And his fans agree: according to a Hollywood Reporter survey of 700 Americans ages 13 to 59 years old taken last week, only 28 percent of men and 42 percent of women said CBS should remove Sheen from the show; 62 percent say the media should leave him alone and 26 percent view Sheen “much more” or “somewhat more” favorably after his recent scandal! “Two and a Half Men” is still CBS’s top-rated Monday program.

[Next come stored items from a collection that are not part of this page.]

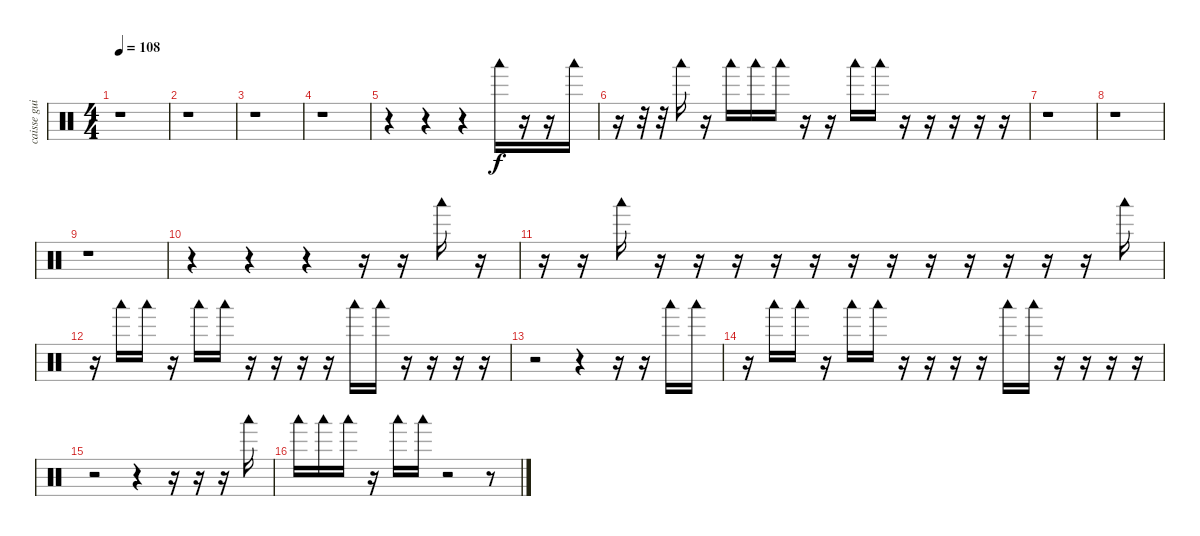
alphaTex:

\track ("caisse guitare Di Meola" "caisse gui") {instrument percussion}
\staff {score}
\articulation defaults
\ts (4 4)
\tempo 108
\clef neutral
\ks c
r.1{dy f} |
r.1 |
r.1 |
r.1 |
r.4 r.4 r.4 "Woodblock low (hit)".16 r.16 r.16 "Woodblock low (hit)".16 |
r.16 r.32 r.32 "Woodblock low (hit)".16 r.16 "Woodblock low (hit)".16 "Woodblock low (hit)".16 "Woodblock low (hit)".16 r.16 r.16 "Woodblock low (hit)".16 "Woodblock low (hit)".16 r.16 r.16 r.16 r.16 r.16 |
r.1 |
r.1 |
r.1 |
r.4 r.4 r.4 r.16 r.16 "Woodblock low (hit)".16 r.16 |
r.16 r.16 "Woodblock low (hit)".16 r.16 r.16 r.16 r.16 r.16 r.16 r.16 r.16 r.16 r.16 r.16 r.16 "Woodblock low (hit)".16 |
r.16 "Woodblock low (hit)".16 "Woodblock low (hit)".16 r.16 "Woodblock low (hit)".16 "Woodblock low (hit)".16 r.16 r.16 r.16 r.16 "Woodblock low (hit)".16 "Woodblock low (hit)".16 r.16 r.16 r.16 r.16 |
r.2 r.4 r.16 r.16 "Woodblock low (hit)".16 "Woodblock low (hit)".16 |
r.16 "Woodblock low (hit)".16 "Woodblock low (hit)".16 r.16 "Woodblock low (hit)".16 "Woodblock low (hit)".16 r.16 r.16 r.16 r.16 "Woodblock low (hit)".16 "Woodblock low (hit)".16 r.16 r.16 r.16 r.16 |
r.2 r.4 r.16 r.16 r.16 "Woodblock low (hit)".16 |
"Woodblock low (hit)".16 "Woodblock low (hit)".16 "Woodblock low (hit)".16 r.16 "Woodblock low (hit)".16 "Woodblock low (hit)".16 r.2 r.8

Writing a succinct historical narrative is notoriously difficult, with each account relying on a series of semi-arbitrary “levers” — key figures, events, trends — that are deemed significant transitions in history. We privilege the signing of the Declaration of Independence over the minutiae of colonial life because more abstract alternatives are insoluble in the public consciousness. This brings us to Charlie Sheen’s contribution to society; he has secured himself as the symbol of the twilight of shame — shame as a regulatory practice that governs and preens individual behavior — in America.
Less puritanical countries have already dropped the expectation of moral rectitude in their public figures; just compare the rueful apology of Eliot Spitzer to the aloof denial of Nicolas Sarkozy in their response to revelations of extramarital affairs. But America has always been slow on “social progress,” maintaining a public sphere where, up until recently, cultural luminaries apologized, if only with great awkwardness and insincerity, for private misbehavior (see: David Letterman, Tiger Woods). However, the Charlie Sheen fiasco has, with his fierce, obstinate denial of fault and America’s support therewith, inaugurated shame’s dusk in America. This is a man turning the tables on the media’s judgment of his drug-infused downward spiral who, at the same time, has the public’s support. It marks the end of an era.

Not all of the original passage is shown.